4. Components & data flow

Python node (__init__.py)

  • On execute: resolve pool dir from pool_id, read manifest.json, choose slot, load image + mask → tensors, return (IMAGE, MASK, index, count, label).
  • Empty pool → return a 1x1 black image + zero mask + count=0 (never crash the graph).
  • IS_CHANGED returns a hash of (pool_id, chosen_index, image_mtime, mask_mtime) so that editing a mask or replacing an image forces re-execution (otherwise ComfyUI caches the output and the new mask is never seen).
  • Mask convention: load as single-channel float; if no mask file, emit zeros matching image H×W.

JS extension (web/)

A resizable in-node DOM widget rendering the thumbnail grid (scrollable so a big pool doesn't blow up the node).
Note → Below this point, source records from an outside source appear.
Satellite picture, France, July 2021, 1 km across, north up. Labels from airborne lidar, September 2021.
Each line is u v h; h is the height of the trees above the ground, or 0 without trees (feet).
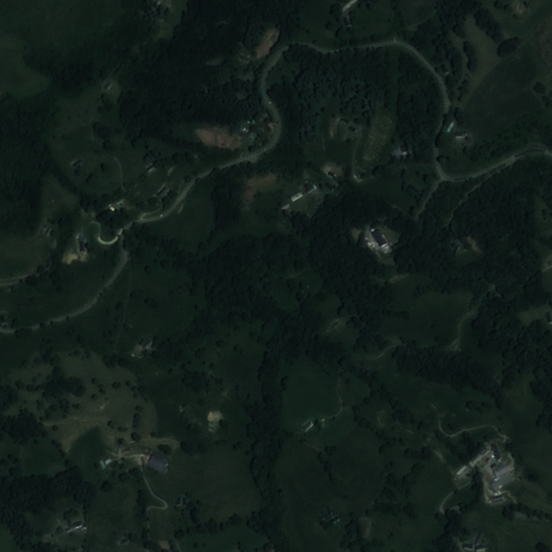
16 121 34
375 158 0
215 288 61
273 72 26
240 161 0
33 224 43
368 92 56
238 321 28
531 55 0
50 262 26
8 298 0
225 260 93
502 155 75
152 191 0
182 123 31
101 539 0
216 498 0
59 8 0
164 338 0
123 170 0
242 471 0
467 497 0
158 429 0
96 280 0
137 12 27
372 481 0
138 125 66
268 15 59
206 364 55
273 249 43
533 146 0
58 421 0
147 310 0
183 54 75
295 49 81
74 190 30
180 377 0
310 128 86
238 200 21
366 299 60
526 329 51
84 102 0
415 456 81
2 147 22
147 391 44
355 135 0
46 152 37
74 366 0
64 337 0
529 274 68
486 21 63
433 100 30
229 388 0
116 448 0
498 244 77
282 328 27
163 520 0
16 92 0
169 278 0
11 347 0
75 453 0
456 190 39
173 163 28
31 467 0
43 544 48
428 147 75
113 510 0
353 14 43
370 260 47
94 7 0
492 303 89
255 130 40
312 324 80
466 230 63
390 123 0
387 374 0
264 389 29
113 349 19
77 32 0
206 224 0
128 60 21
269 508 65
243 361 0
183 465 0
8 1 0
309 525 0
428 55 0
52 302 0
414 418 46
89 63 31
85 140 0
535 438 0
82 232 0
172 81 78
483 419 0
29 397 0
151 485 0
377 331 42
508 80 0
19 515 52
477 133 0
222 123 50
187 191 0
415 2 0
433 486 0
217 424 0
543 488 0
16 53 0
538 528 0
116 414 0
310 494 0
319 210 23
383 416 0
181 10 0
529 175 64
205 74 80
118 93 0
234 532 0
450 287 62
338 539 0
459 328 0
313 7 0
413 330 0
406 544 0
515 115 0
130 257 21
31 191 70
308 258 23
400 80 39
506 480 0
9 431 80
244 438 0
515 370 62
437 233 64
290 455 0
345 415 0
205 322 60
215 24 82
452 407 0
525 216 91
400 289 0
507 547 0
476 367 60
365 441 0
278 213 33
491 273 59
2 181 19
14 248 0
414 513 77
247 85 66
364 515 0
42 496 76
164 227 0
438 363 76
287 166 26
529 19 0
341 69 56
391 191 0
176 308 0
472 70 69
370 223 48
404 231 70
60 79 54
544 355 30
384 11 0
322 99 48
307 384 0
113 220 67
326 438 0
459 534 65

Responsibilities:

  • Ingest: paste (Ctrl+V on node), drag-drop files, upload button → POST to /grid_pool/add; server copies into the pool, appends a slot, returns manifest.
  • Select: click thumbnail → /grid_pool/active, highlight active.
  • Mask: brush button / double-click → push the slot image into ComfyApp.clipspace (imgs/images/selectedIndex), set ComfyApp.clipspace_return_node = node, call openMaskEditor(). The editor saves the alpha mask via /upload/mask; on return the node's pasteFromClipspace() fires → we extract the alpha and POST it to /grid_pool/set_mask to write the slot's .mask.png.
  • Label: inline-editable caption under each thumbnail → /grid_pool/label.
  • Delete: ✕ on thumbnail → /grid_pool/remove.
  • Badges: active border, "has-mask" dot, slot index.

Server routes (aiohttp, registered from Python)
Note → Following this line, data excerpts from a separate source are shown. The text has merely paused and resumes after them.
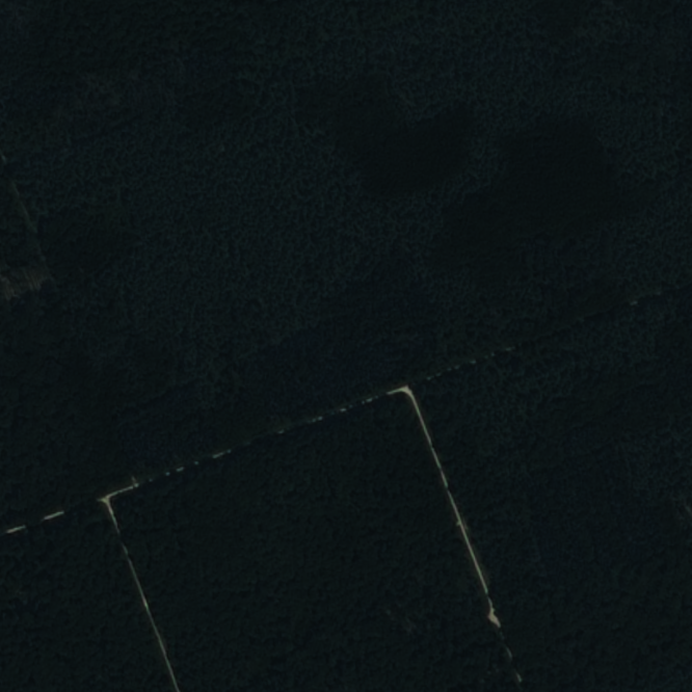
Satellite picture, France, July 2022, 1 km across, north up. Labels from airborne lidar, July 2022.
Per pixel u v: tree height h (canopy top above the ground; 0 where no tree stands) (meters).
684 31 20
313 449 27
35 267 25
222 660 27
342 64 18
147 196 20
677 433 24
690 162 15
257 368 20
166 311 24
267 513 25
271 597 25
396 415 27
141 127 23
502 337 14
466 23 11
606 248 22
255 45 22
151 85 17
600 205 21
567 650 27
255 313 13
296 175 17
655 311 23
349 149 20
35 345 19
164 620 22
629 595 28
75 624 28
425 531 22
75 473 28
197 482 28
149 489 23
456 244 25
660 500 22
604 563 25
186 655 27
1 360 25
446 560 25
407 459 29
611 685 22
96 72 20
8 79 7
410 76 13
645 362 20
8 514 15
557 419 23
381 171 26
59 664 27
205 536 25
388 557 27
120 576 29
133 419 20
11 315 22
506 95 27
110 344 18
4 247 6
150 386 18
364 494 30
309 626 12
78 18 27
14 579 30
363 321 19
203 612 25
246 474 25
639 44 19
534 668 25
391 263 25
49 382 26
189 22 25
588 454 17
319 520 30
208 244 23
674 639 21
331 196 22
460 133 25
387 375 20
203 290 24
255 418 20
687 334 18
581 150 26
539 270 23
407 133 29
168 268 23
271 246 23
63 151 19
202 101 19
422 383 21
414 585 25
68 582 30
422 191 26
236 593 27
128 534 27
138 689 11
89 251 21
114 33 20
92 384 24
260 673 7
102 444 27
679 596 31
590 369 12
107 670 28
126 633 26
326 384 23
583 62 23
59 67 22
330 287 18
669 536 23
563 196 28
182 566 25
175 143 22
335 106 17
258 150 23
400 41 18
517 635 25
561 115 24
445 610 27
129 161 20
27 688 25
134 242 14
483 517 11
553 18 20
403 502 28
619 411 20
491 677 27
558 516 16
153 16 24
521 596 18
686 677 26
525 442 23
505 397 26
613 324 24
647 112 21
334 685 28
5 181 17
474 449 18
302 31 17
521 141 25
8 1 22
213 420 17
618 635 31
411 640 29
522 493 20
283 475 27
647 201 19
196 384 24
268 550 22
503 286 24
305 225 24
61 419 23
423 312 21
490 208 26
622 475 19

Under /grid_pool/*: add, remove, active, set_mask, label, list. All mutate manifest.json atomically and return the updated manifest.

5. UI approach

Chosen: in-node grid (thumbnails in the node body; resize node to see more, scroll for large pools). Rejected alternative: modal "manage pool" gallery — better for huge pools but more clicks and more UI code; revisit only if pools get large.

6. Edge cases & error handling

  • Empty pool → 1x1 black image + zero mask + count=0.
  • index >= count → clamp; echo the clamped value on index output.
  • Missing/corrupt manifest → rebuild from files on disk.
  • Cloning a node copies pool_id → both nodes share one pool. Provide right-click "Detach pool (new id)" to split. v1 may just document the behavior.
  • MaskEditor integration verified against the installed frontend: openMaskEditor, copyToClipspace/pasteFromClipspace, clipspace_return_node, and /upload/mask all exist. This is the standard "Open in MaskEditor" pattern used by many nodes.

7. Phasing & testing

  • Phase 1 — storage + manifest + Python node + server routes + grid display + select + delete + labels (no masking). E2E: add images, pick one, it outputs image/mask(zeros)/index/count/label.
  • Phase 2 — MaskEditor integration + per-slot mask persistence + IS_CHANGED.
  • Phase 3 — polish: drag-reorder, "detach pool", badges.

Testing:

  • pytest (Python): manifest read/write, atomic mutation, slot selection rule, tensor shapes/dtypes, zero-mask fallback, IS_CHANGED hashing, manifest rebuild.
  • Manual checklist (JS/MaskEditor): ingest paths, select, mask round-trip, label edit, delete, persistence across restart.